Abstract

Historical Discourse’s Truth Matrix was first posited by Michel Foucault to describe the emergence of a discourse of historical events subsequent to the cessation of war and established by the most powerful arbiters of those events. This paper adapts the implements of Foucault’s toolbox to conceptualise the dimensions of subjectivity that historical events pass through from the original event to the subsequent depictions of those events in historical writing or other media. The Corpus of Irish Historical Narratives (COIHN) is a one-million-word representative corpus of oral-history witness testimonies taken from the Bureau of Military History Archive (BMH) which depict the events surrounding the Irish struggle for independence from the lead up to the 1916 rising to the signing of the Anglo-Irish treaty in 1921. The archive provides a rich source of both historical, social and cultural data and has been the source of many publications pertaining to events of this pivotal time in Irish history.
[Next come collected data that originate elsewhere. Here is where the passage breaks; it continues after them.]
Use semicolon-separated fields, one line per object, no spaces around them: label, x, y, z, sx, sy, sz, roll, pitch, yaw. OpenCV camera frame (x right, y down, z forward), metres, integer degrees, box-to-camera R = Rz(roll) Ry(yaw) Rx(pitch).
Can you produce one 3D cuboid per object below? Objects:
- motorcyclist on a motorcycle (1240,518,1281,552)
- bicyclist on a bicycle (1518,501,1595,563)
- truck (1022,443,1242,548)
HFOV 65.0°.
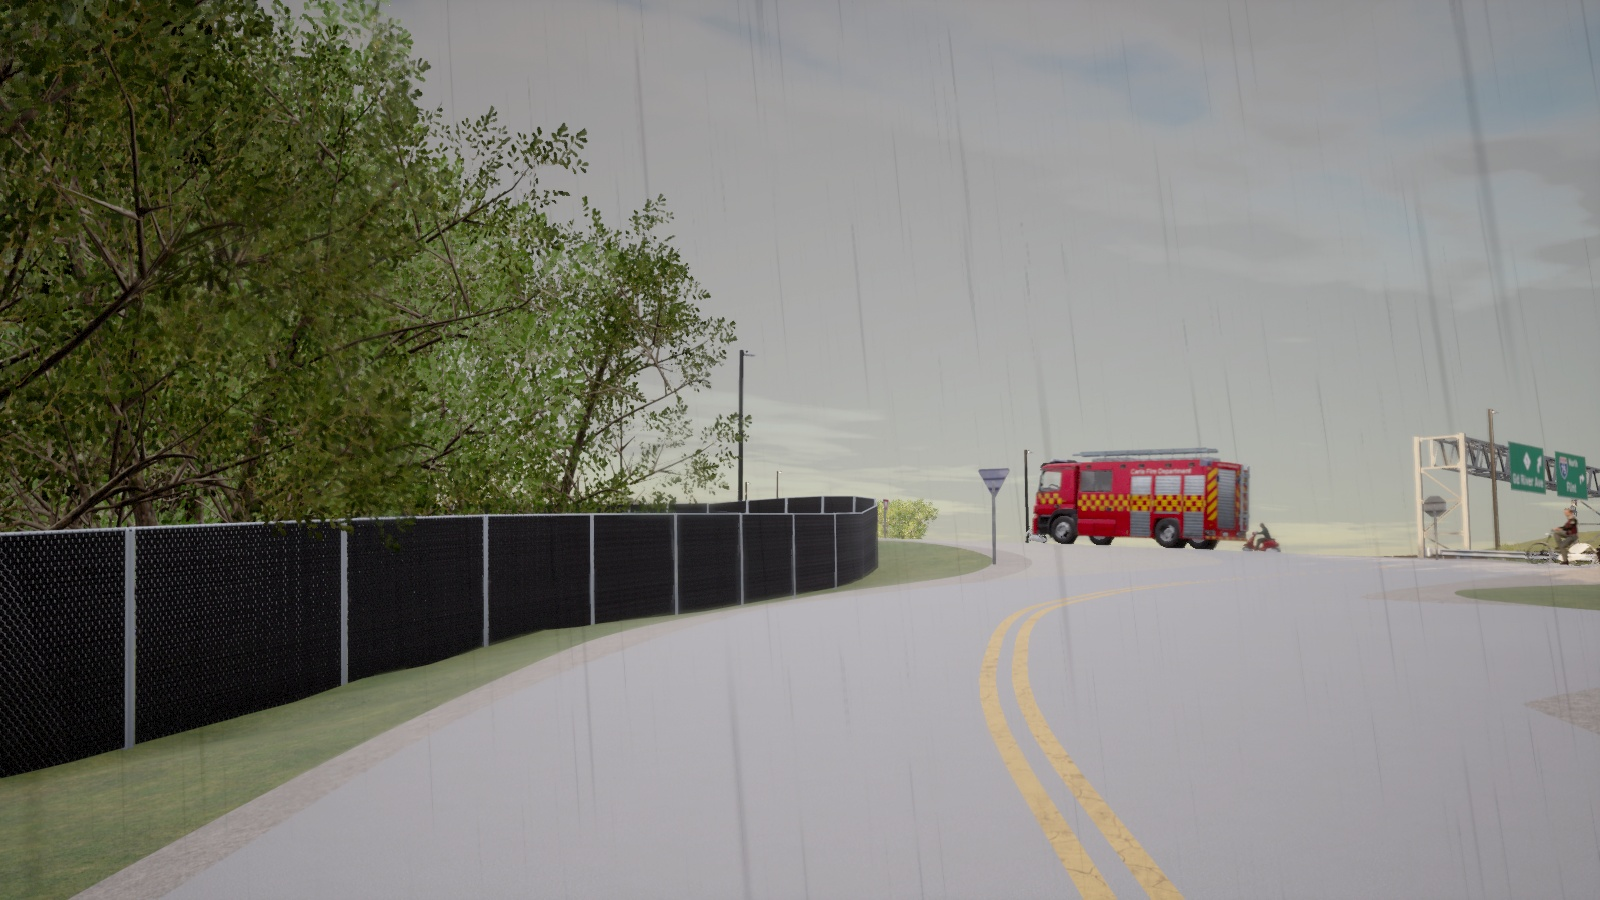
motorcyclist on a motorcycle;22.488;4.162;61.353;1.817;1.590;0.866;0;-5;15
bicyclist on a bicycle;22.661;2.445;37.634;1.843;1.776;0.659;2;-2;16
truck;13.180;1.889;50.605;2.891;3.827;8.468;5;-5;-39

This study takes a hybrid corpus-driven and corpus-based approach to the analysis of epistemic modality in these statements through hedged expressions using mental process verbs and, in doing so, offers a framework for the analysis of a core dimension of historical discourse’s truth matrix. The notion of ‘paradoxical authority’ is proposed, stating that the authority of a witness is boosted rather than mitigated by expressing weak commitment to the truth of a proposition.